Anyone know why there was no fire suppression system in the roof area?
As far as I understand it, for safety reasons, there was no electricity in the "forest" (the nickname of the wooden structure that held the roof)
As to why the roof collapsed as it did and not the scaffolding, the roof was made of lead (210 tons? quoting from memory). Melting points, melting points, a bit more than 320C vs around 1500C.
As I said earlier, in those cases, apparently, the policy is to work from the inside, for a bunch of reasons, including additional damage caused by water, and also that you don't want to push the fire back inside: that can both increase damage and cause massive bursts and fire expansions because of the typical airflow in those churches.
The airdrop issue has already been covered, the last thing you want in those cases is too hit a critical pillar or face of the building.
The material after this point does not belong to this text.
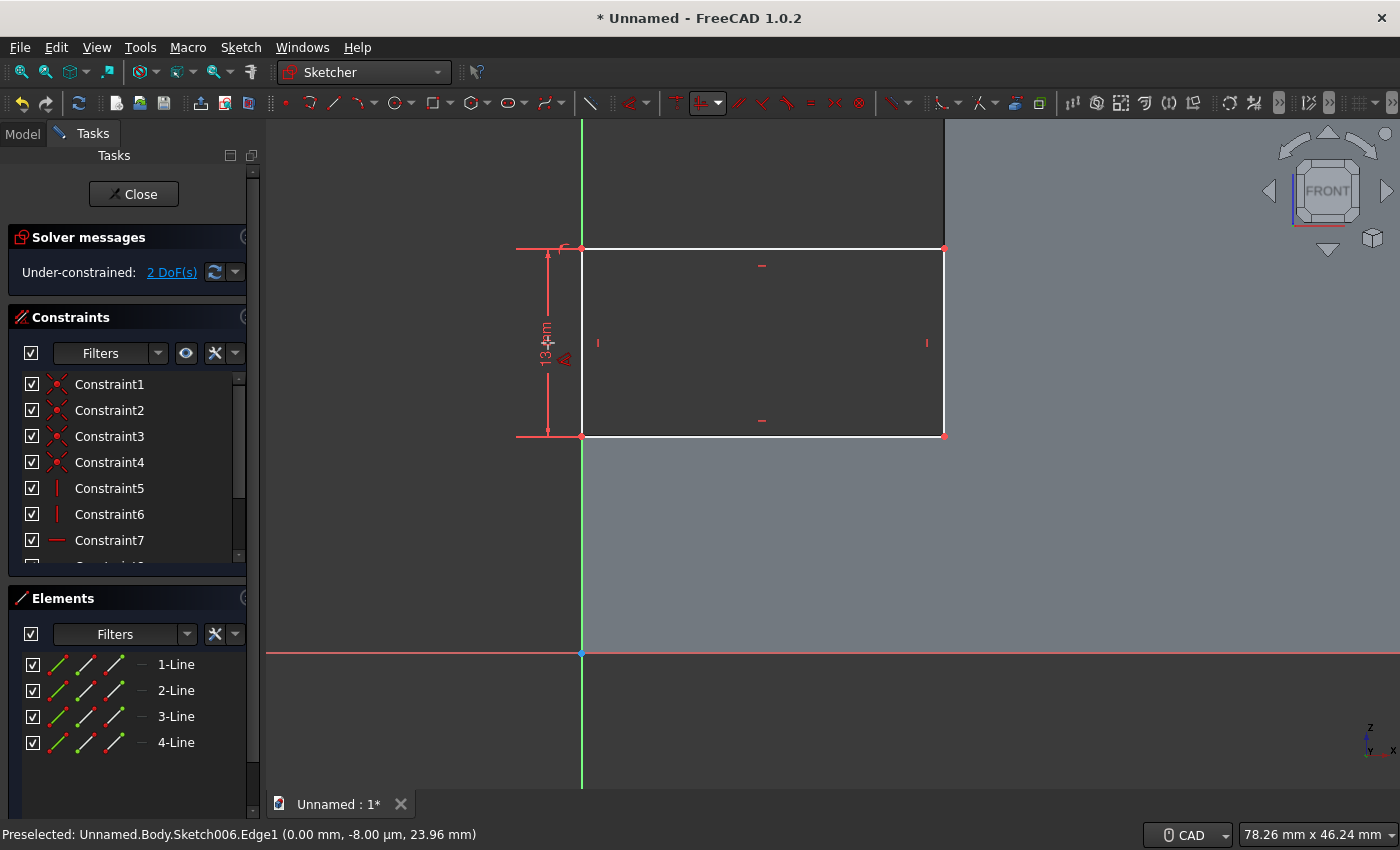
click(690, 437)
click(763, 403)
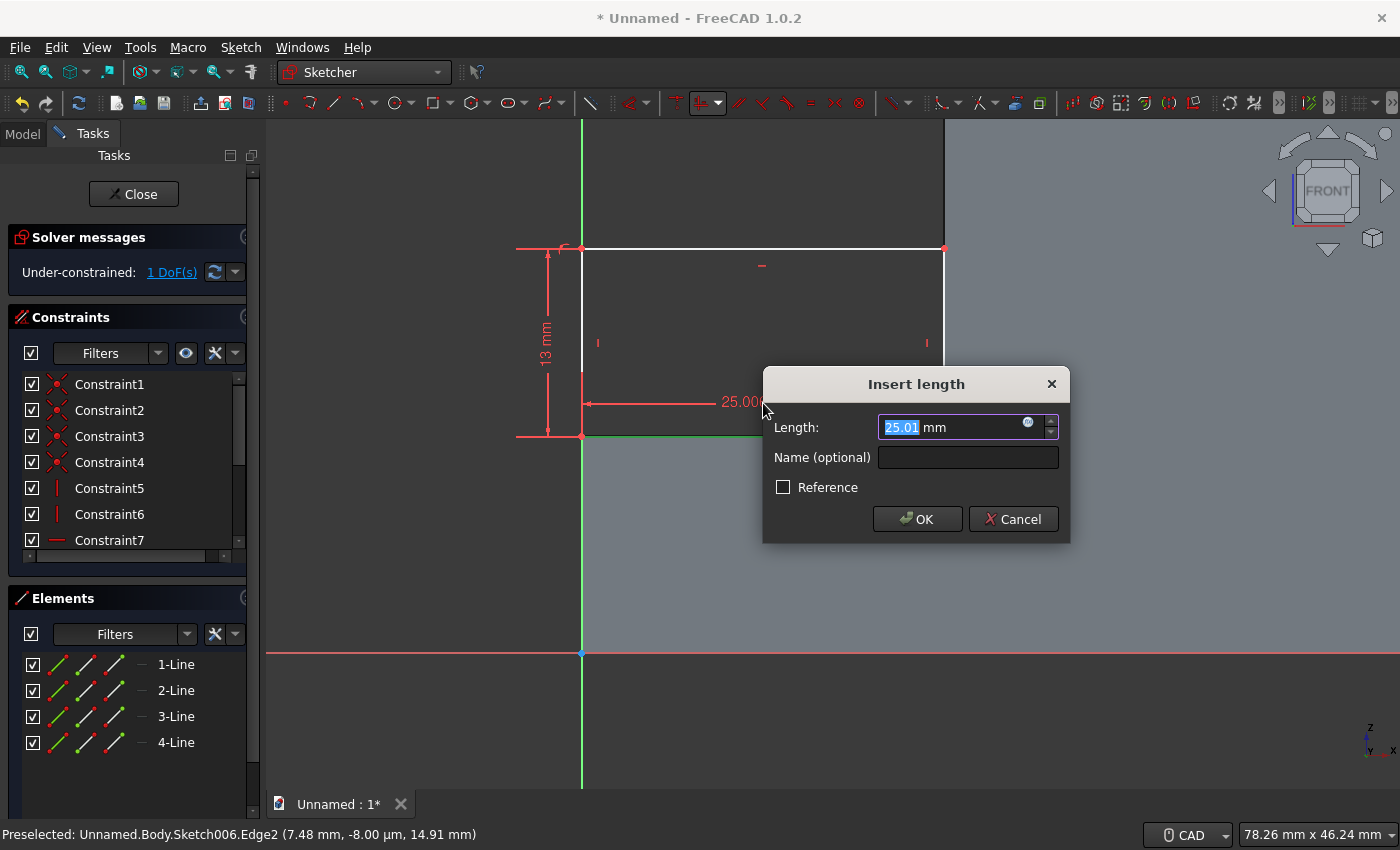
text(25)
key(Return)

One other thing is that the water dropping planes are mostly based in Southern France, where forest fires are more frequent. They would have taken several hours to reach the cathedral and did not have enough time to reach Paris, plus no convenient place to fill their tanks. Finally, with fire-fighters inside, it is probably not a good idea to drop 4 tons of water on their heads.
I did find a link to PDF documents by the company that cited its renovation work on the cathedral as a reference. Unfortunately (and unsurprisingly I'd say) those links are dead.